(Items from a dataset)
<<<<
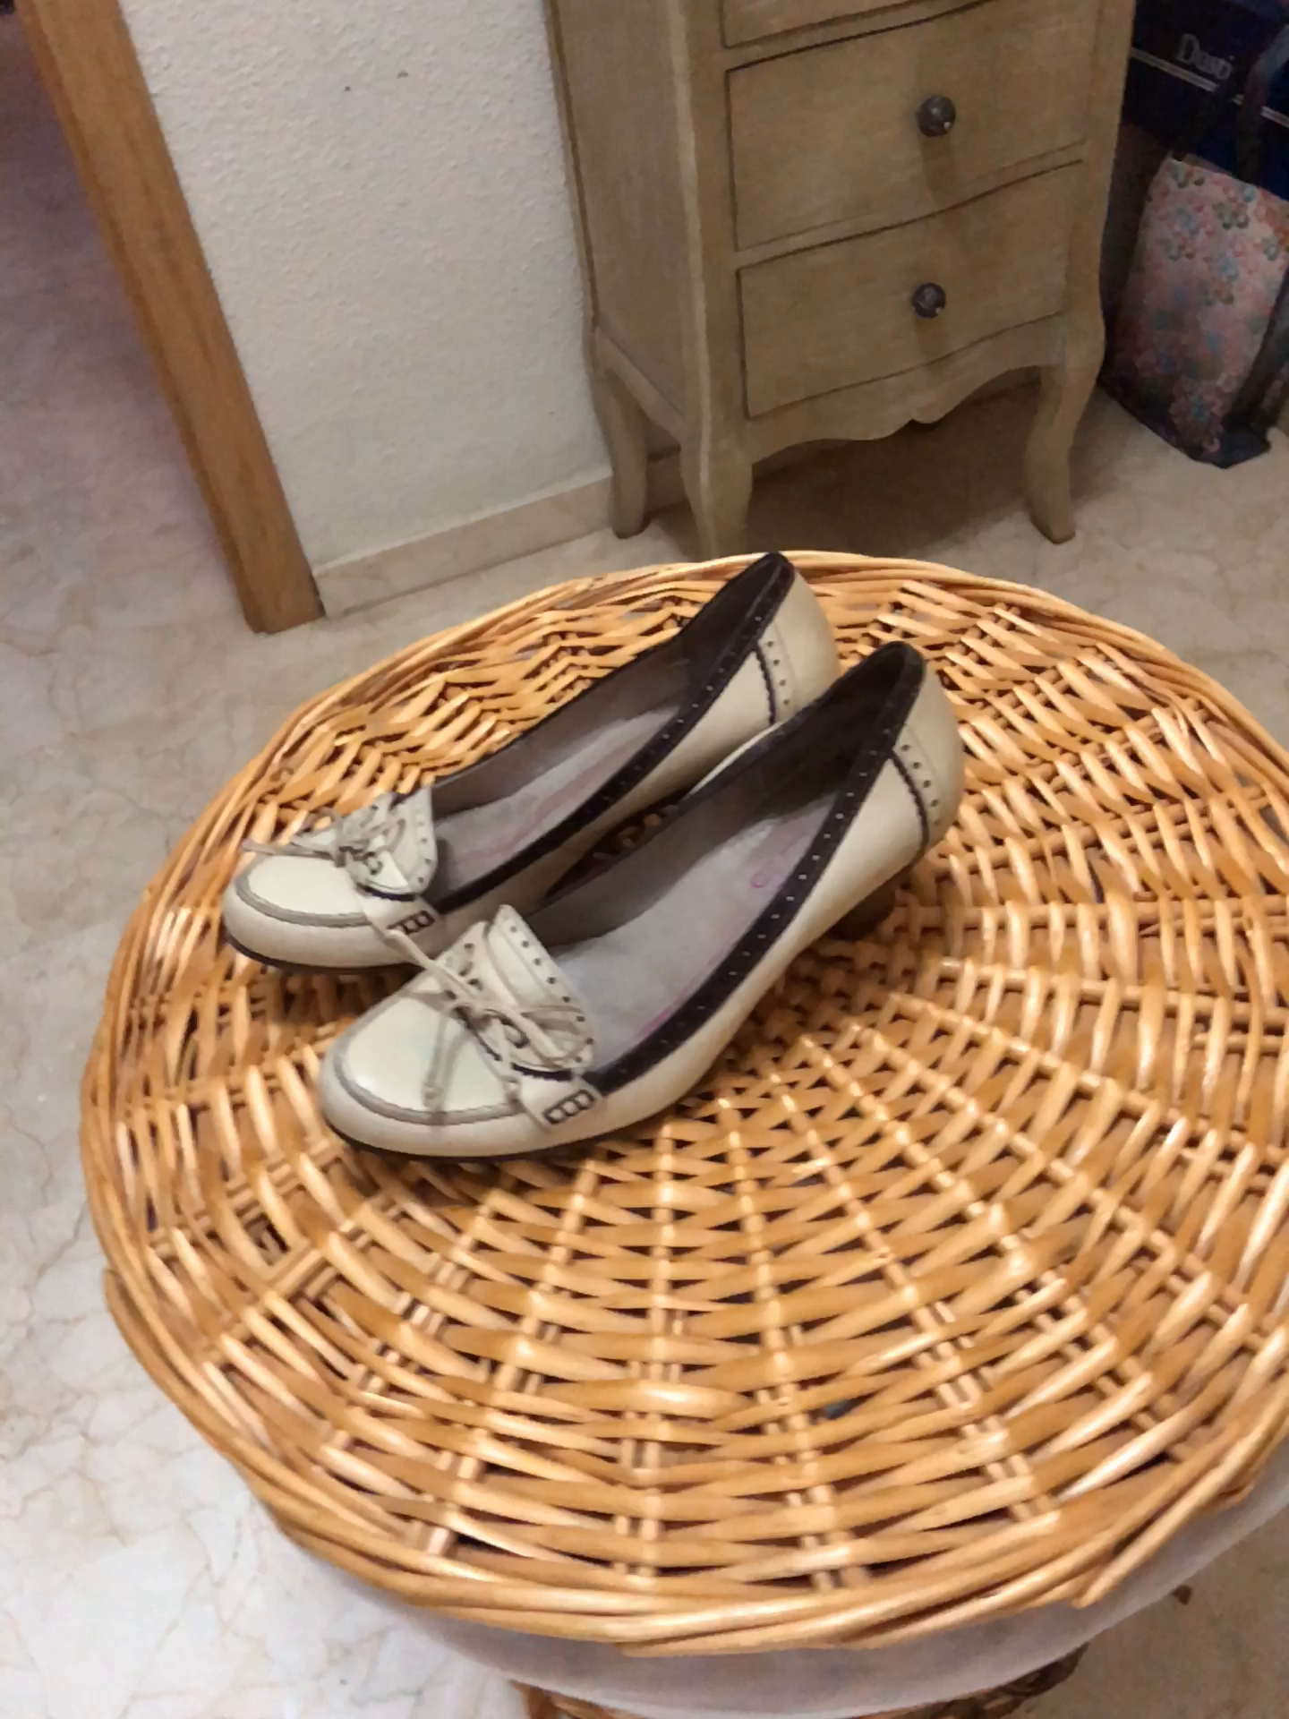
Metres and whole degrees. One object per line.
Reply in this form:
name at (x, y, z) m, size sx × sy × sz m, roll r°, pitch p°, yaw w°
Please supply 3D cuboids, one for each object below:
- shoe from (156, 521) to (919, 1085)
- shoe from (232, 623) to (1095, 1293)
shoe at (-0.036, -0.025, 0.549) m, size 0.260 × 0.110 × 0.100 m, roll -17°, pitch 44°, yaw -8°
shoe at (0.011, 0.026, 0.485) m, size 0.260 × 0.090 × 0.100 m, roll -23°, pitch 45°, yaw -13°
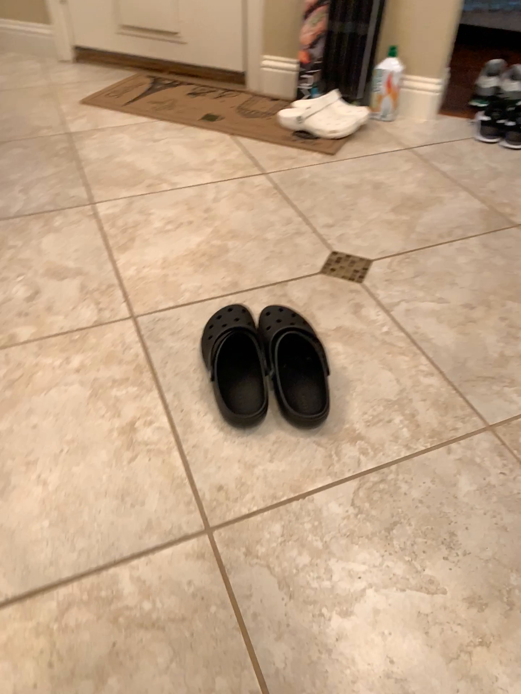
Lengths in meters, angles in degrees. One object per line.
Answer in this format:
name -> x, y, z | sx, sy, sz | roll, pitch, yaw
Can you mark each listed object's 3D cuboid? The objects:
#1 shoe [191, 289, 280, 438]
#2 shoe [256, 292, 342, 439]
shoe -> -0.051, 0.019, 0.950 | 0.123, 0.085, 0.279 | -5, 43, -7
shoe -> 0.058, 0.022, 0.951 | 0.113, 0.085, 0.279 | -2, 43, -4
>>>>
Required action » Would you transcribe exactly, and only, the lines from the one containing "name at (x, y, z)" through the last line of the records above, both included, leaving out the pictures?

Result for this task »
name at (x, y, z) m, size sx × sy × sz m, roll r°, pitch p°, yaw w°
Please supply 3D cuboids, one for each object below:
- shoe from (156, 521) to (919, 1085)
- shoe from (232, 623) to (1095, 1293)
shoe at (-0.036, -0.025, 0.549) m, size 0.260 × 0.110 × 0.100 m, roll -17°, pitch 44°, yaw -8°
shoe at (0.011, 0.026, 0.485) m, size 0.260 × 0.090 × 0.100 m, roll -23°, pitch 45°, yaw -13°
Lengths in meters, angles in degrees. One object per line.
Answer in this format:
name -> x, y, z | sx, sy, sz | roll, pitch, yaw
Can you mark each listed object's 3D cuboid? The objects:
#1 shoe [191, 289, 280, 438]
#2 shoe [256, 292, 342, 439]
shoe -> -0.051, 0.019, 0.950 | 0.123, 0.085, 0.279 | -5, 43, -7
shoe -> 0.058, 0.022, 0.951 | 0.113, 0.085, 0.279 | -2, 43, -4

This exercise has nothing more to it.